Items listed in a dataset
****************************************
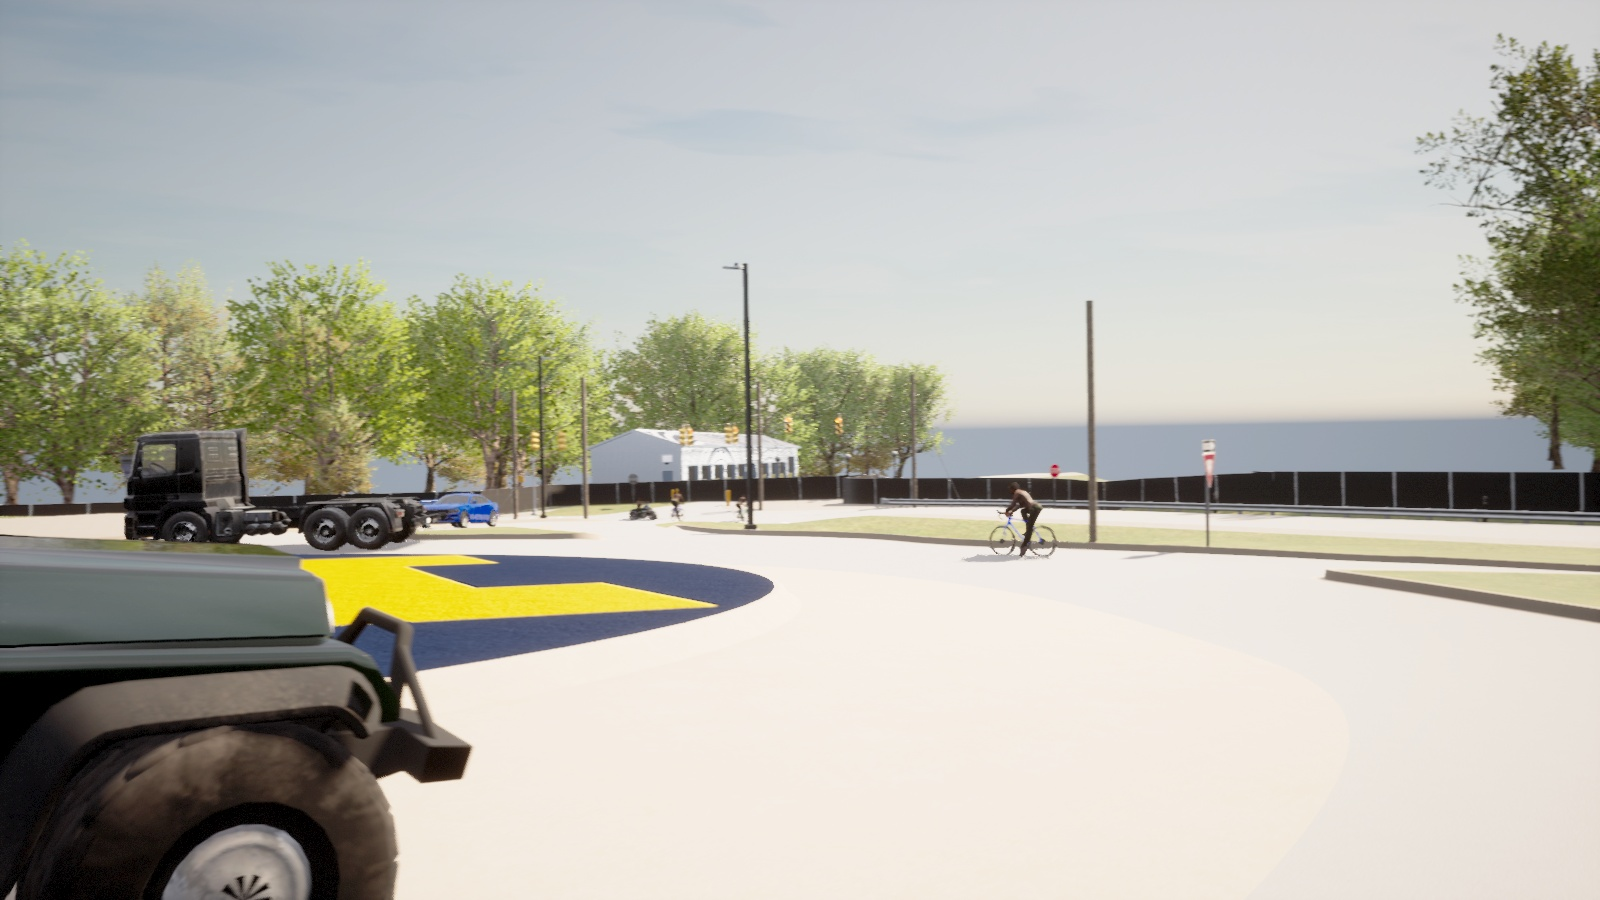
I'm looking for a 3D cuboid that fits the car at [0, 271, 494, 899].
[{"bbox_3d":[-2.954,0.542,3.033,3.866,1.878,1.905,1,0,-34],"label":"car"}]

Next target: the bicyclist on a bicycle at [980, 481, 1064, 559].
[{"bbox_3d":[4.799,1.505,27.213,1.656,1.620,0.582,-3,-2,39],"label":"bicyclist on a bicycle"}]

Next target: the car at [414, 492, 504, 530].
[{"bbox_3d":[-14.652,2.659,54.268,1.882,1.535,5.008,-1,-3,9],"label":"car"}]

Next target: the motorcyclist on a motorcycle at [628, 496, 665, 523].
[{"bbox_3d":[-10.005,3.888,81.696,2.350,1.649,0.766,-4,2,33],"label":"motorcyclist on a motorcycle"}]

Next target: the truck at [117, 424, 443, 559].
[{"bbox_3d":[-14.496,1.112,35.482,7.936,3.462,2.891,-2,0,-1],"label":"truck"}]
****************************************
- ABOUT THIS EXERCISE -
An exact copy of the entries, minus the pictures, is what to return.

- RESPONSE BELOW -
I'm looking for a 3D cuboid that fits the car at [0, 271, 494, 899].
[{"bbox_3d":[-2.954,0.542,3.033,3.866,1.878,1.905,1,0,-34],"label":"car"}]

Next target: the bicyclist on a bicycle at [980, 481, 1064, 559].
[{"bbox_3d":[4.799,1.505,27.213,1.656,1.620,0.582,-3,-2,39],"label":"bicyclist on a bicycle"}]

Next target: the car at [414, 492, 504, 530].
[{"bbox_3d":[-14.652,2.659,54.268,1.882,1.535,5.008,-1,-3,9],"label":"car"}]

Next target: the motorcyclist on a motorcycle at [628, 496, 665, 523].
[{"bbox_3d":[-10.005,3.888,81.696,2.350,1.649,0.766,-4,2,33],"label":"motorcyclist on a motorcycle"}]

Next target: the truck at [117, 424, 443, 559].
[{"bbox_3d":[-14.496,1.112,35.482,7.936,3.462,2.891,-2,0,-1],"label":"truck"}]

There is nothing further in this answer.